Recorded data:

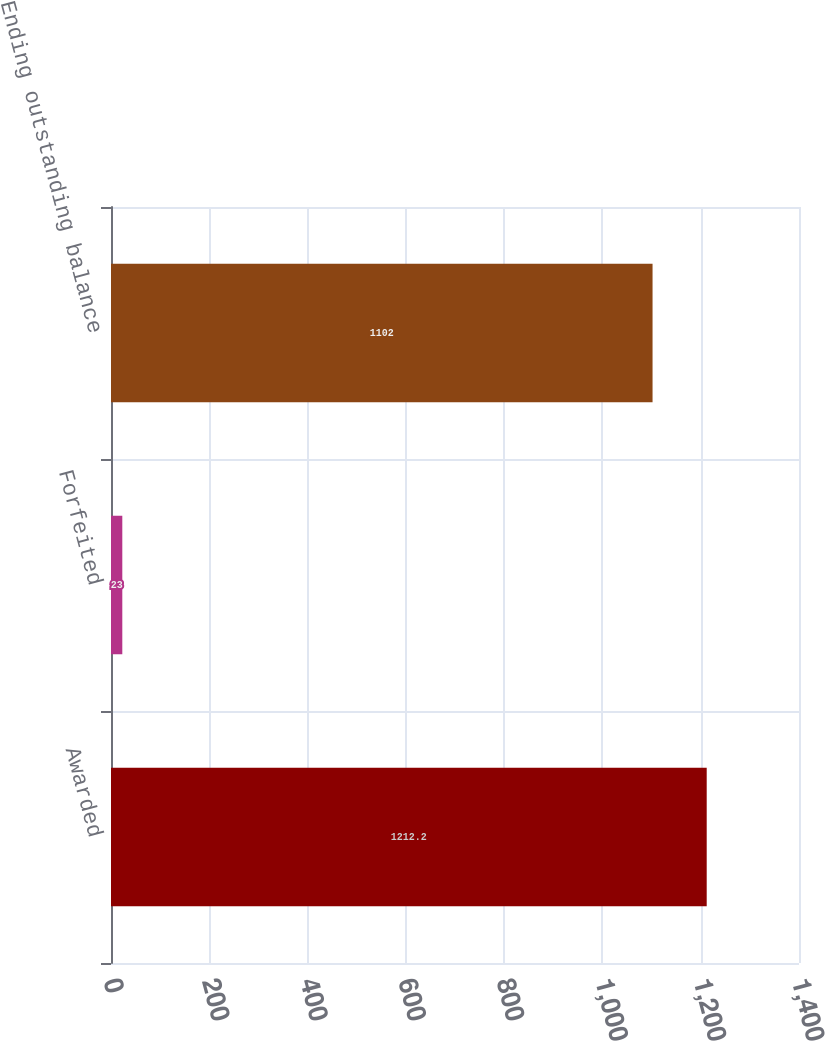Convert chart. <chart><loc_0><loc_0><loc_500><loc_500><bar_chart><fcel>Awarded<fcel>Forfeited<fcel>Ending outstanding balance<nl><fcel>1212.2<fcel>23<fcel>1102<nl></chart> 
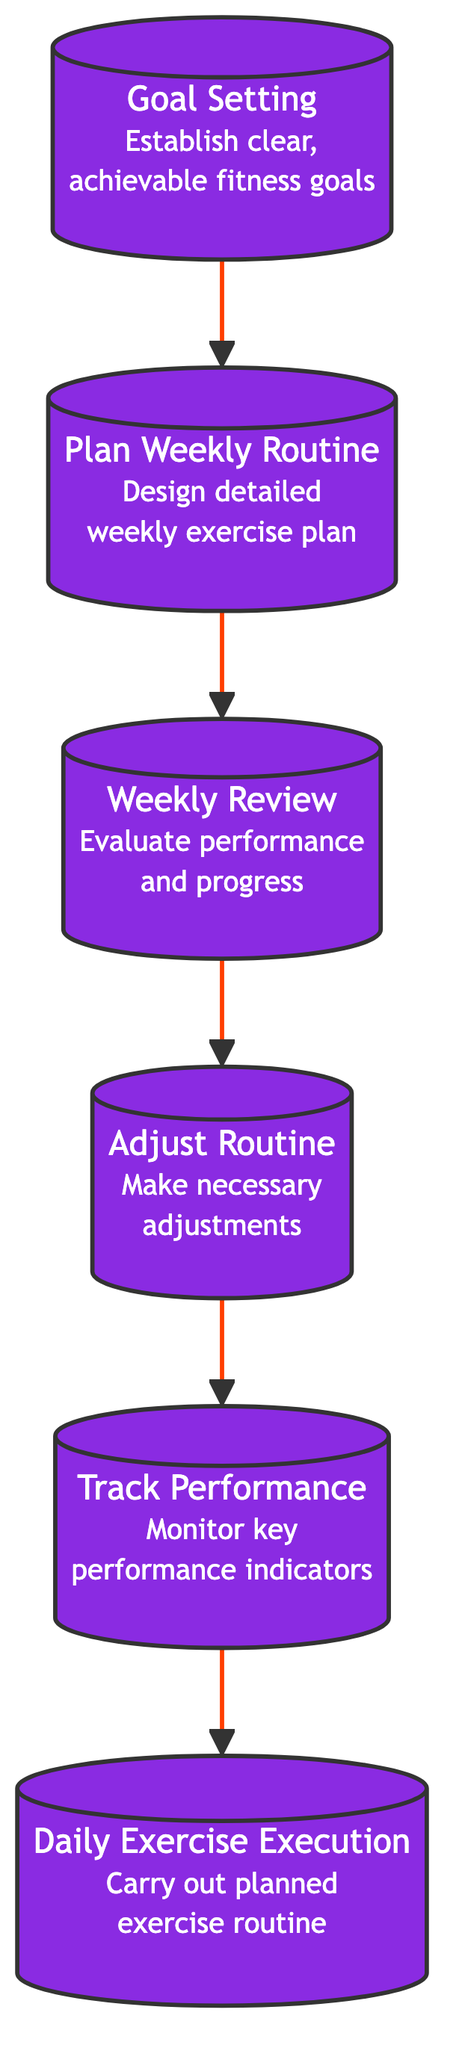What is the first step in the flowchart? The flowchart starts with "Goal Setting," which is the first node.
Answer: Goal Setting How many nodes are in the flowchart? The flowchart contains six nodes: Goal Setting, Plan Weekly Routine, Weekly Review, Adjust Routine, Track Performance, and Daily Exercise Execution.
Answer: Six What comes after "Track Performance"? After "Track Performance," the next step is "Daily Exercise Execution."
Answer: Daily Exercise Execution Which process involves evaluating performance and progress? The process that involves evaluating performance and progress is "Weekly Review."
Answer: Weekly Review What is the last step in this flowchart? The last step in the flowchart is "Daily Exercise Execution."
Answer: Daily Exercise Execution If you complete the "Weekly Review," what is the next action you should take? After completing the "Weekly Review," the next action is to "Adjust Routine."
Answer: Adjust Routine Which nodes are connected directly to "Plan Weekly Routine"? "Plan Weekly Routine" is directly connected to "Goal Setting" (before it) and "Weekly Review" (after it).
Answer: Goal Setting, Weekly Review How does "Adjust Routine" relate to "Track Performance"? "Adjust Routine" comes before "Track Performance," suggesting it is an integral step to modify the approach based on performance metrics.
Answer: It precedes it What is required for "Goal Setting" to be effective? For "Goal Setting" to be effective, clear, achievable fitness goals need to be established.
Answer: Clear, achievable fitness goals

### What the task asks
Copy only these lines from the records above, exactly: the one with "What is the first", the one with "Answer: Weekly Review", and those between. Skip the pictures.

### Reply
What is the first step in the flowchart? The flowchart starts with "Goal Setting," which is the first node.
Answer: Goal Setting How many nodes are in the flowchart? The flowchart contains six nodes: Goal Setting, Plan Weekly Routine, Weekly Review, Adjust Routine, Track Performance, and Daily Exercise Execution.
Answer: Six What comes after "Track Performance"? After "Track Performance," the next step is "Daily Exercise Execution."
Answer: Daily Exercise Execution Which process involves evaluating performance and progress? The process that involves evaluating performance and progress is "Weekly Review."
Answer: Weekly Review What is the last step in this flowchart? The last step in the flowchart is "Daily Exercise Execution."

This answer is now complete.